(Information begins)

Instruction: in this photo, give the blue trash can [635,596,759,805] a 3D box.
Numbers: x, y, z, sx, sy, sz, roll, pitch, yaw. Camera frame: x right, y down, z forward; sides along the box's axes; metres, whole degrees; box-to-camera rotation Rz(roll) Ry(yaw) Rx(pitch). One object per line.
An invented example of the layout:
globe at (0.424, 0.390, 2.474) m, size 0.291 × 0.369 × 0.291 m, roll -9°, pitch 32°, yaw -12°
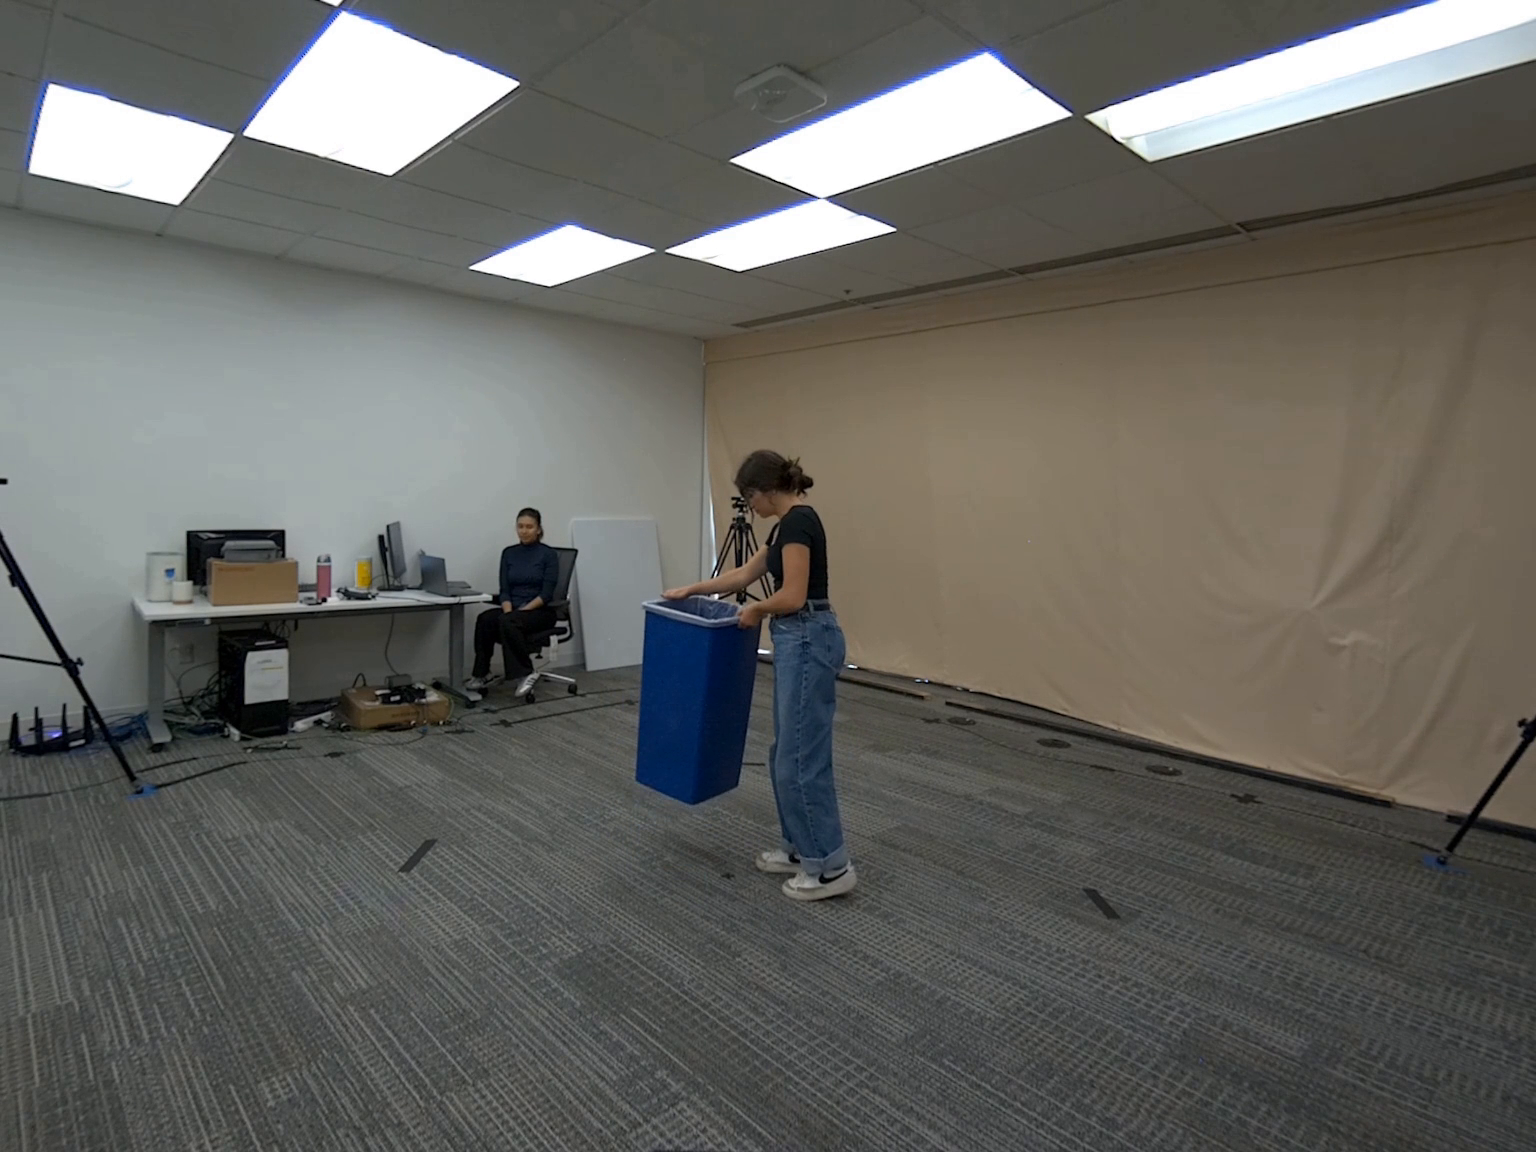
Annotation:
blue trash can at (-0.285, 0.479, 3.280) m, size 0.388 × 0.710 × 0.366 m, roll 10°, pitch 8°, yaw 35°

(Information ends)

## Assignment
The expected output is each record, copied exactly, and nothing in place of the pictures.

## Exercise answer
Instruction: in this photo, give the blue trash can [635,596,759,805] a 3D box.
Numbers: x, y, z, sx, sy, sz, roll, pitch, yaw. Camera frame: x right, y down, z forward; sides along the box's axes; metres, whole degrees; box-to-camera rotation Rz(roll) Ry(yaw) Rx(pitch). One object per line.
An invented example of the layout:
globe at (0.424, 0.390, 2.474) m, size 0.291 × 0.369 × 0.291 m, roll -9°, pitch 32°, yaw -12°
Annotation:
blue trash can at (-0.285, 0.479, 3.280) m, size 0.388 × 0.710 × 0.366 m, roll 10°, pitch 8°, yaw 35°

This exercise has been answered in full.